9 Responses to Stragglers and Insanity: The Civil War’s Heavy Psychiatric Toll

  1. The mental toll on Civil War soldiers is understandable. I believe some of the medicines involved in treating soldiers for wounds and illnesses might have contributed to some of that. Mercury in particular was known for certain neurological effects on (at least some of) those who ingested it. But I am sure there were quite a lot of participants from both sides who suffered mental anguish because of what they were exposed to during the War, and that includes civilians.

    Below is a good article that says more about this subject.

    https://www.smithsonianmag.com/history/ptsd-civil-wars-hidden-legacy-180953652/

  2. A worthy topic of study, rarely examined in this war. Long ago I read that in the decade following World War I, 25,000 Tommies, having survived the horror of the trenches, committed suicide, and my first thought was of the Civil War veterans and what they suffered after the war. Are there any figures for them receiving treatment, suicides, etc?

  3. Simon Winchester authored a fascinating profile of a similar casualty in “The Professor and the Madman”, the story of Dr. William Chester Minor, a young Union Army surgeon who breaks down after being forced to “brand” a deserter’s face during the fighting in the Wilderness. Minor also spends time at St. Elizabeth’s Hospital but is paroled and released to his family’s care after the war because his case is considered incurable. The life that follows is one of intermittent periods of delusion, murder and self-mutilation, but also periods of calm and erudition. He eventually becomes one of the most prolific contributors of arcane word usage to the Oxford English Dictionary.

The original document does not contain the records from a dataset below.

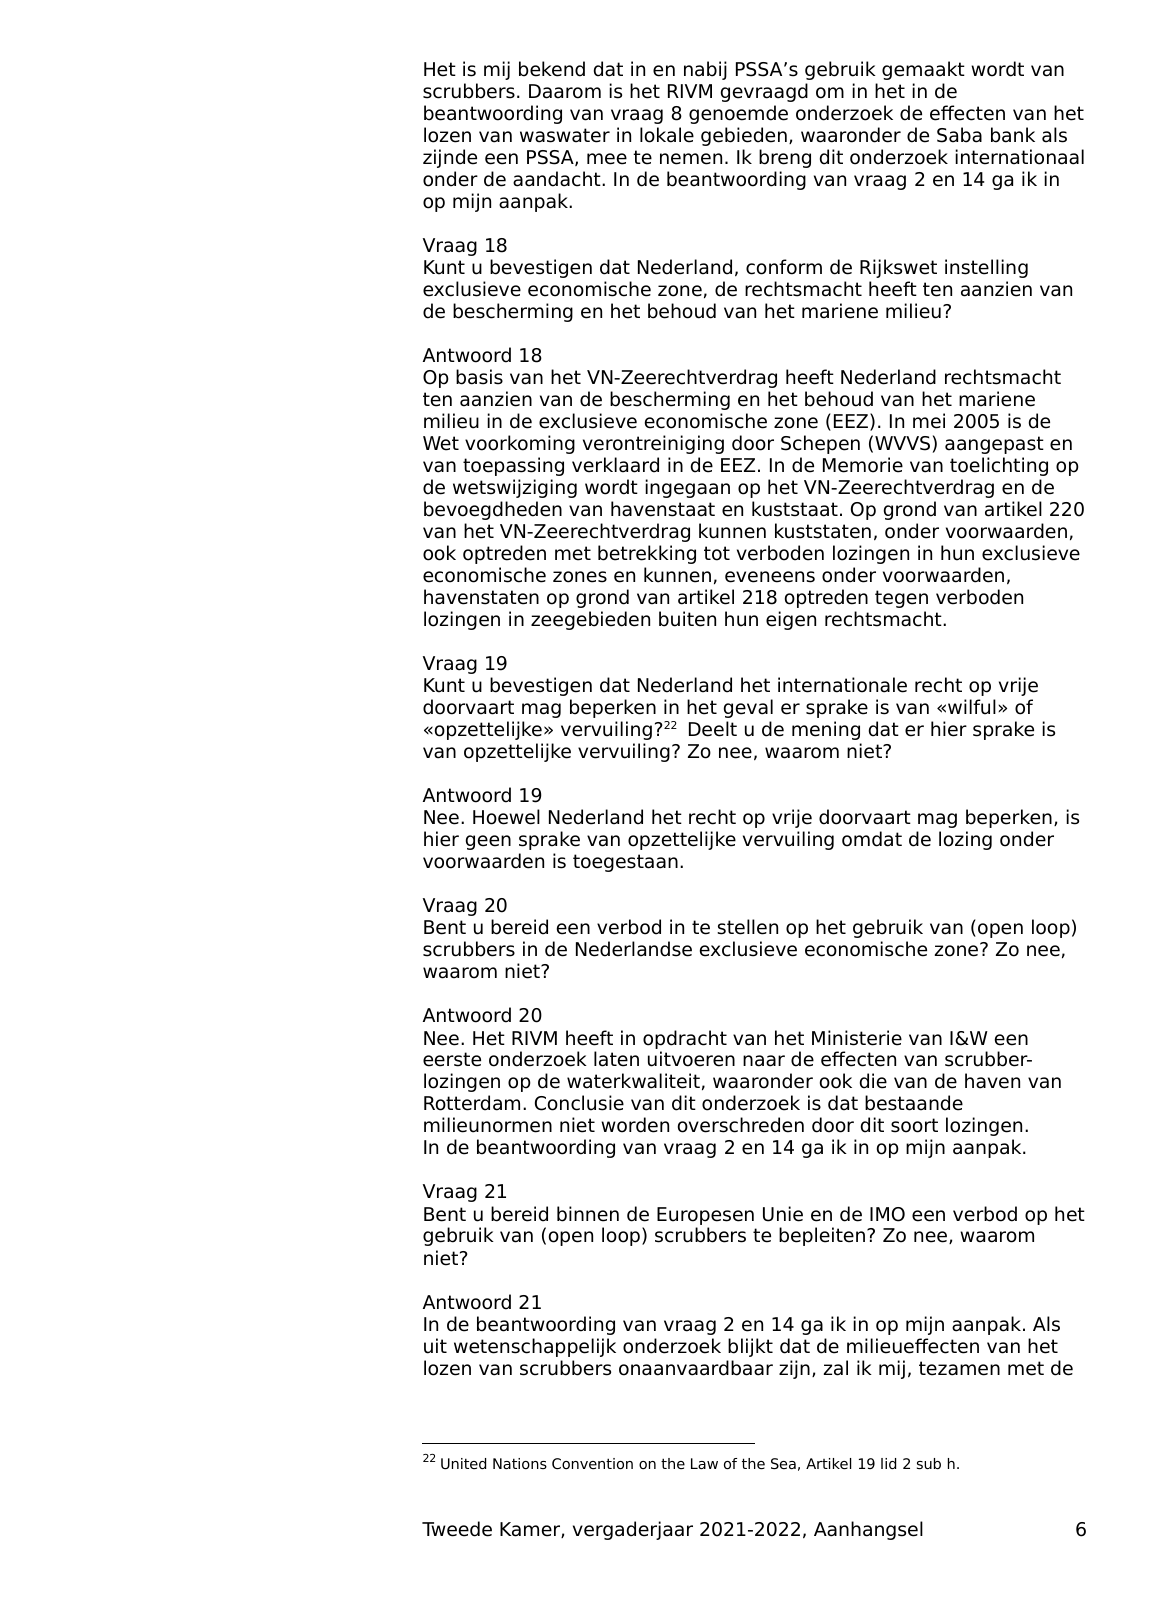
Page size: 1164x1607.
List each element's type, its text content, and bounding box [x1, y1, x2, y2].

text In de beantwoording van vraag 2 en 14 ga ik in op mijn aanpak. [422, 1137, 1087, 1159]
text Bent u bereid binnen de Europesen Unie en de IMO een verbod op het gebruik van (open loop) scrubbers te bepleiten? Zo nee, waarom niet? [422, 1203, 1087, 1269]
text Vraag 21 [422, 1181, 1087, 1203]
text Antwoord 18 [422, 345, 1087, 367]
text Antwoord 19 [422, 785, 1087, 807]
text Bent u bereid een verbod in te stellen op het gebruik van (open loop) scrubbers in de Nederlandse exclusieve economische zone? Zo nee, waarom niet? [422, 917, 1087, 983]
text United Nations Convention on the Law of the Sea, Artikel 19 lid 2 sub h. [422, 1452, 1087, 1474]
text Vraag 18 [422, 235, 1087, 257]
text Nee. Hoewel Nederland het recht op vrije doorvaart mag beperken, is hier geen sprake van opzettelijke vervuiling omdat de lozing onder voorwaarden is toegestaan. [422, 807, 1087, 873]
text Antwoord 21 [422, 1292, 1087, 1313]
text Vraag 19 [422, 653, 1087, 675]
text In de beantwoording van vraag 2 en 14 ga ik in op mijn aanpak. Als uit wetenschappelijk onderzoek blijkt dat de milieueffecten van het lozen van scrubbers onaanvaardbaar zijn, zal ik mij, tezamen met de [422, 1313, 1087, 1379]
text Nee. Het RIVM heeft in opdracht van het Ministerie van I&W een eerste onderzoek laten uitvoeren naar de effecten van scrubber-lozingen op de waterkwaliteit, waaronder ook die van de haven van Rotterdam. Conclusie van dit onderzoek is dat bestaande milieunormen niet worden overschreden door dit soort lozingen. [422, 1027, 1087, 1137]
text Vraag 20 [422, 895, 1087, 917]
text Kunt u bevestigen dat Nederland, conform de Rijkswet instelling exclusieve economische zone, de rechtsmacht heeft ten aanzien van de bescherming en het behoud van het mariene milieu? [422, 257, 1087, 323]
text Op basis van het VN-Zeerechtverdrag heeft Nederland rechtsmacht ten aanzien van de bescherming en het behoud van het mariene milieu in de exclusieve economische zone (EEZ). In mei 2005 is de Wet voorkoming verontreiniging door Schepen (WVVS) aangepast en van toepassing verklaard in de EEZ. In de Memorie van toelichting op de wetswijziging wordt ingegaan op het VN-Zeerechtverdrag en de bevoegdheden van havenstaat en kuststaat. Op grond van artikel 220 van het VN-Zeerechtverdrag kunnen kuststaten, onder voorwaarden, ook optreden met betrekking tot verboden lozingen in hun exclusieve economische zones en kunnen, eveneens onder voorwaarden, havenstaten op grond van artikel 218 optreden tegen verboden lozingen in zeegebieden buiten hun eigen rechtsmacht. [422, 367, 1087, 631]
text Kunt u bevestigen dat Nederland het internationale recht op vrije doorvaart mag beperken in het geval er sprake is van «wilful» of «opzettelijke» vervuiling? Deelt u de mening dat er hier sprake is van opzettelijke vervuiling? Zo nee, waarom niet? [422, 675, 1087, 763]
text Het is mij bekend dat in en nabij PSSA’s gebruik gemaakt wordt van scrubbers. Daarom is het RIVM gevraagd om in het in de beantwoording van vraag 8 genoemde onderzoek de effecten van het lozen van waswater in lokale gebieden, waaronder de Saba bank als zijnde een PSSA, mee te nemen. Ik breng dit onderzoek internationaal onder de aandacht. In de beantwoording van vraag 2 en 14 ga ik in op mijn aanpak. [422, 59, 1087, 213]
text Antwoord 20 [422, 1005, 1087, 1027]

  4. This is a very important topic. We now have taxpayer paid professional support available, as well as VFW, American Legion, and many other worthy veterans support organizations, blogs, social media. What did they have back then – the church, some well meaning charities, an asylum for the worst, eventually a GAR and UCV, but maybe something else that could help – going back to the farm and plow some acreage, just a man and his horse, out in the fields with no one but the wind, an opportunity to get centered, and try to put together that unsolvable riddle, “Why me?” How did those guys do it and manage to put it behind them or live with it. God bless them, and all soldiers, they weren’t the only ones.

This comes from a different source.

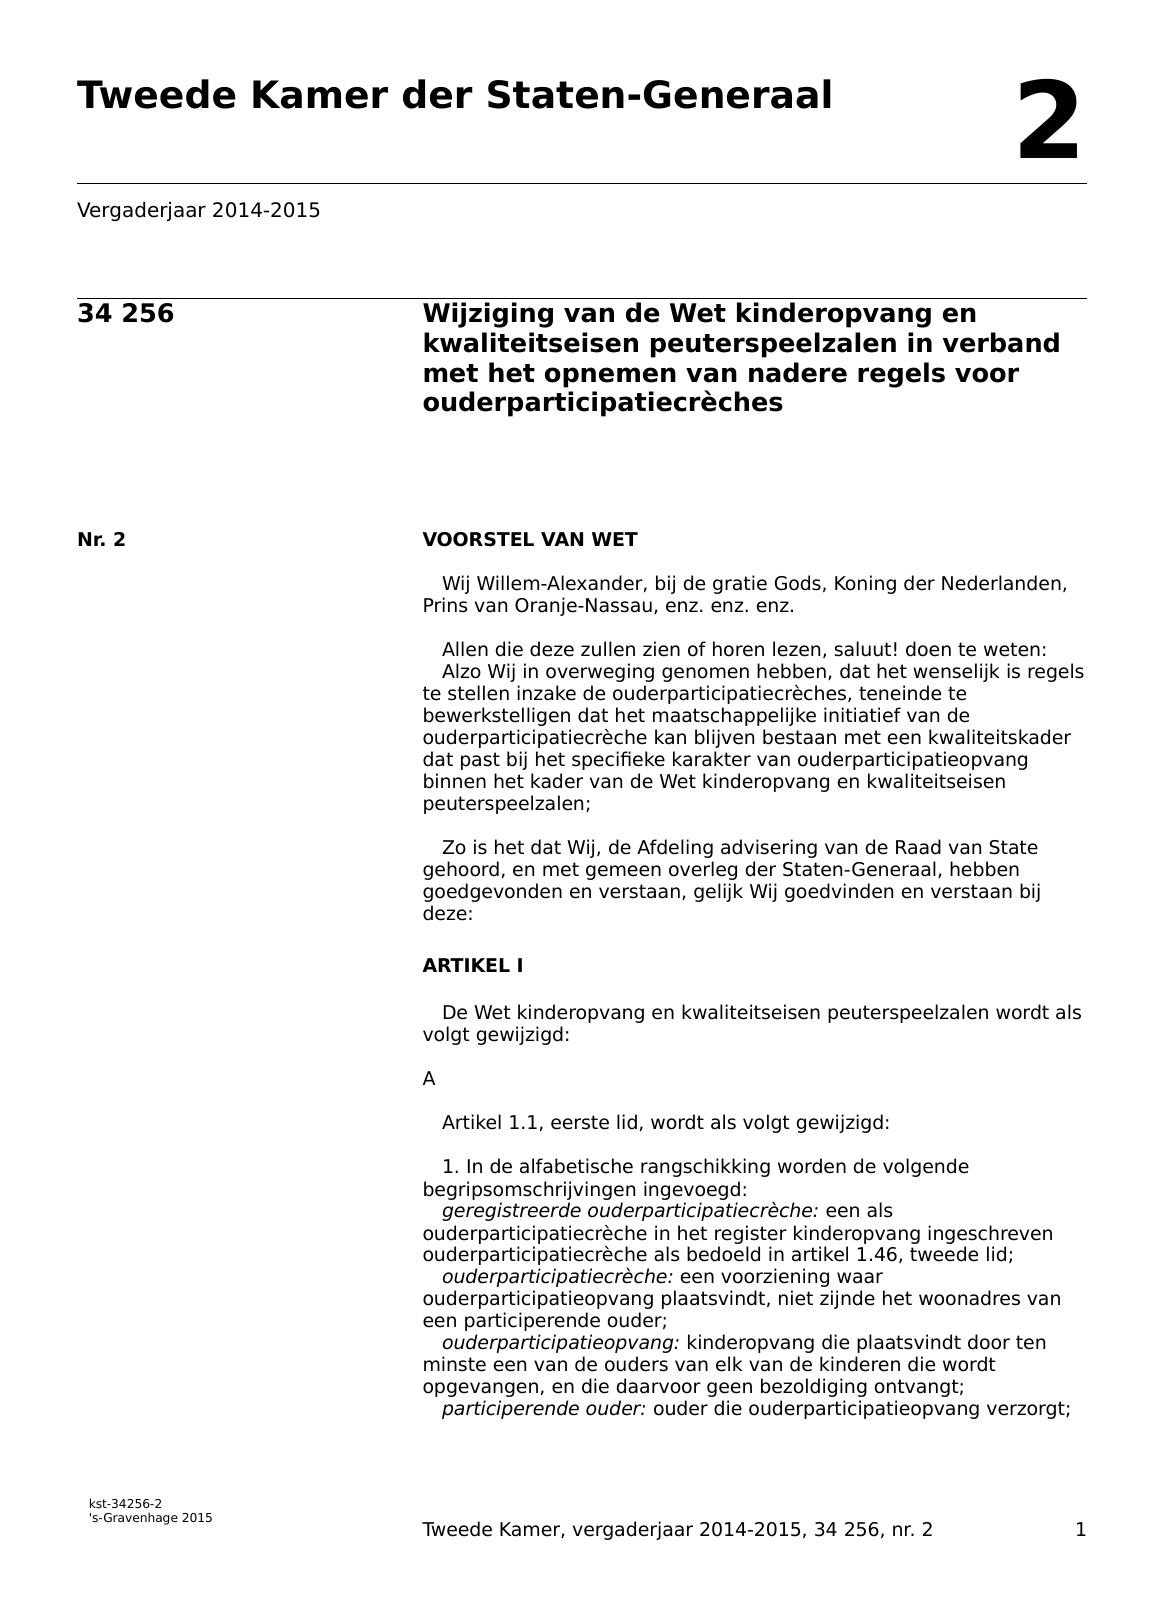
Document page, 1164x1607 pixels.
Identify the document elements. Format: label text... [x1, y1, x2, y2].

    1. It’s a great topic, one that must be explored deeply. It is vital that we have so many organizations and services for soldiers and veterans today. For my own part, in recent years I have had a number of Army and Marine veterans in my writing class, all of whom insist that they cannot write and the school is making them take the class in their first semester, and all of whom turn out to be fine writers – because they have so much to tell. They write amazingly well of their experiences and of their nightmares, and many of them talk with me for hours about their individual and group therapy sessions with VA psychologists. I am proud to have been able to help them in whatever small way I have. The one thing we can remember, though, about Civil War soldiers, is that in their time, families were larger, closer, and more extended, and it is here that they received much care. Also, my grandparents told me that their grandfathers, great-uncles and their friends, in their 60s and 70s when my grandparents were children growing up with the old soldiers in their homes, were always together, talking with each other about their experiences. This happened North and South, East and West – they were their own veterans’ organizations before they became official.